Das sei «in keinster Weise im Interesse der Sicherheit Israels», kommentiert Aussenministerin Baerbock die gezielte Tötung von Hisbollah-Chef Hassan Nasrallah. Es drohe jetzt die Destabilisierung des Libanon, mahnt sie. Das klingt so, als wäre einer der grössten Friedensfürsten Opfer des israelischen Angriffs gewesen.

Doch Nasrallah war einer der blutrünstigsten Terroristen. Er half zum Beispiel dem syrischen Präsidenten Assad, 500.000 Syrer zu massakrieren und an der Macht zu bleiben. Vor bald zwanzig Jahren war er für die Ermordung des damaligen Präsidenten Hariri und vor vier Jahren für die verheerende Explosion im Hafen von Beirut verantwortlich.

Nasrallah führte den Libanon ins Verderben. Er hat die Republik, die einst als «Schweiz des Nahen Ostens» gelobt wurde, in einen gescheiterten Staat verwandelt, den er mit seinen Milizen nicht nur weitgehend kontrolliert, sondern ihn wiederholt in einen Krieg mit Israel verwickelt hat. Bis zuletzt: Seit dem 8. Oktober unterstützte Nasrallah die radikal-islamische Hamas, die am Tag zuvor mit 6000 Mann im Süden Israels eingefallen war und mordete, vergewaltigte und Geiseln in den Gazastreifen entführte. Völlig unprovoziert liess er seither Raketen und Drohnen auf Israel niederprasseln. Sie haben mehr als 60.000 Israeli in die Flucht geschlagen, die seit einem Jahr als intern Vertriebene irgendwo im Landesinnern auf ihre Rückkehr warten.

Israel bewies gegenüber der Hisbollah während des letzten Jahres strategische Geduld und begnügte sich mit einem täglichen, von Nasrallah aufgezwungenen Schlagabtausch. Kürzlich ging Israels Armee aber dazu über, mit einer Reihe von Militärkampagnen gegen die Hisbollah-Führung vorzugehen, indem sie zunächst ihr internes Kommunikationssystem mit einer genialen Geheimdienstoperation ausser Kraft setzte. Der folgenschwerste Angriff richtete sich am Freitag gegen die gesamte Führung der Organisation, allen voran gegen Nasrallah.

Die Operationsfähigkeit der Hisbollah ist jetzt zwar angeschlagen.
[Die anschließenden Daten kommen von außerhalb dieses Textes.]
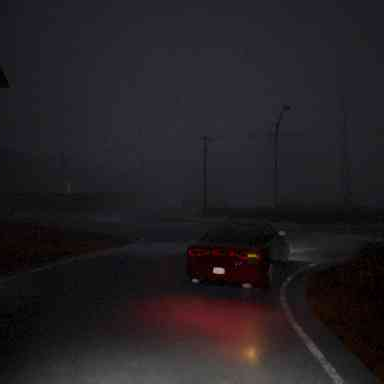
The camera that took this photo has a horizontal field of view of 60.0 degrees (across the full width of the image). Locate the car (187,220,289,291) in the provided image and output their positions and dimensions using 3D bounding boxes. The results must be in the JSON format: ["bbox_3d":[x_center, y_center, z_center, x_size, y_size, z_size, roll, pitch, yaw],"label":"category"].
[{"bbox_3d":[1.486,1.524,9.372,1.882,1.535,5.008,0,0,22],"label":"car"}]

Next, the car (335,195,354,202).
[{"bbox_3d":[31.839,1.658,69.695,3.866,1.878,1.905,0,0,3],"label":"car"}]

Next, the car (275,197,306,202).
[{"bbox_3d":[18.092,1.608,60.181,4.605,1.855,1.932,0,0,3],"label":"car"}]

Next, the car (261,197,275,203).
[{"bbox_3d":[19.038,1.929,82.640,3.905,1.438,1.784,0,0,3],"label":"car"}]

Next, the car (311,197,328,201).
[{"bbox_3d":[31.946,1.917,83.188,4.193,1.474,1.816,0,0,3],"label":"car"}]

Aber sie verfügt nach wie vor über ein gewaltiges Raketenarsenal, mit dem sie jeden Punkt in Israel erreichen könnte. Die Ayatollahs, die in den vergangenen Jahren Milliarden in die Aufrüstung der Hisbollah investiert und auf Nasrallah als zentralen Statthalter ihrer Interessen im Nahen Osten gesetzt haben, stehen jetzt vor einer schwierigen Entscheidung.

Wollen sie weiterhin auf die massiv geschwächte Hisbollah setzen und ihr Gelder überweisen, die sie eigentlich im Iran brauchen? Oder überdenken sie ihre Strategie, sich martialische Stellvertreter in der Region zu leisten? Die Hisbollah wäre dann bald am Ende – und die Region dem Frieden einen Schritt näher.